Figure 4.

The association between DNA damage repair mutations and tumor immune infiltrates in non-hypermutated cases

(A–D) Comparisons of the tumor immune infiltrate signatures in germline and somatic DDR mutated (MUT) and WT cases, including (A) tumor-infiltrating lymphocytes (TILs), (B) cytolytic activity (CYT) score, (C) PD1 expression, and (D) PD-L1 expression. Significance values were generated by linear regression adjusted by patients’ age and genetic principal components and FDR corrected. Gray, blue, and red represent cancer types that meet the criteria of FDR < 0.05 (significant) and FDR > 0.05 (none). The size of the dots represents −log₁₀(FDR).

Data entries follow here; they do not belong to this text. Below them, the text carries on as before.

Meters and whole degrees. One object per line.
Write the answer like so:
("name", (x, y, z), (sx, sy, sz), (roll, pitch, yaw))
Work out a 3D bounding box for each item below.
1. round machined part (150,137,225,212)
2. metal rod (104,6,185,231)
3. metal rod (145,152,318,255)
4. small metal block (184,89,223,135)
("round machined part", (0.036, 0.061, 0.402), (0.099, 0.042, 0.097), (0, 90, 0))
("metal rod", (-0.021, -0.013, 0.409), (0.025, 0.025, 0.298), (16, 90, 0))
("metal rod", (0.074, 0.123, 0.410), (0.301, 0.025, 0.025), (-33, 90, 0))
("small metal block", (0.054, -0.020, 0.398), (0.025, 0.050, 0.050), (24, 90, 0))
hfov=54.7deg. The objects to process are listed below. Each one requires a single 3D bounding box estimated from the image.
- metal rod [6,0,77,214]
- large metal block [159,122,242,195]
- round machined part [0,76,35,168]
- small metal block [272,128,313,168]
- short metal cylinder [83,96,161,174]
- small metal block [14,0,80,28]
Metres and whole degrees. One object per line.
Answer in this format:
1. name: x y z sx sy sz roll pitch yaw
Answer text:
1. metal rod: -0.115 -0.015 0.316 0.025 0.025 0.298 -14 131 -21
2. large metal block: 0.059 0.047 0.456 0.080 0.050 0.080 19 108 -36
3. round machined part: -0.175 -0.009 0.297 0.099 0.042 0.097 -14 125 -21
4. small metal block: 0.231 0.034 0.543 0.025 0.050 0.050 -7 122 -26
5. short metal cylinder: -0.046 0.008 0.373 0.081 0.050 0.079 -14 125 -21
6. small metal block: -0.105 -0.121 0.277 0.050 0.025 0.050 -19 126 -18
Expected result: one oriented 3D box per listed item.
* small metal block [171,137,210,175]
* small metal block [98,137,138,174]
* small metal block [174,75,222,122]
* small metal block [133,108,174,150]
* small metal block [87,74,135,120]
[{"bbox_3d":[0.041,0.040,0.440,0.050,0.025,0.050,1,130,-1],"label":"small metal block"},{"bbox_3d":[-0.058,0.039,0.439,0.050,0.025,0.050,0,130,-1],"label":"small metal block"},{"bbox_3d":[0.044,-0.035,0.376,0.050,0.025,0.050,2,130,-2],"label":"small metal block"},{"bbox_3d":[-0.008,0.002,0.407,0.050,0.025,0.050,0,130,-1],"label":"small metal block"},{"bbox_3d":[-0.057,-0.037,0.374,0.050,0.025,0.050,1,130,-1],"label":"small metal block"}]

(E–H) Comparisons of the correlation coefficients of somatic DDR versus SNV neoantigen load with the somatic DDR versus immune signature, including (E) TILs, (F) CYT score, (G) PD1 expression, and (H) PD-L1 expression.

(I–L) Comparison of the correlation coefficients of somatic DDR versus indel neoantigen load with the somatic DDR versus immune signature, including (I) TILs, (J) CYT score, (K) PD1 expression, and (L) PD-L1 expression.

r represents the Pearson correlation coefficient. The color of the label represents the DDR pathways, including MMR (MLH1, MSH2, MSH3, MSH6, and PMS2), HR (BRCA1/2 and PALB2), sensor (ATM, ATR, and CHEK2) and polymerase (POLE and POLQ). DDR genes annotated with prefix “s” indicate somatic mutations. The axes indicate the correlation coefficients (coef) of linear regression adjusted by patients’ age and genetic components. Dots with significant associations between DDR mutations and immune signatures were labeled in all of the panels.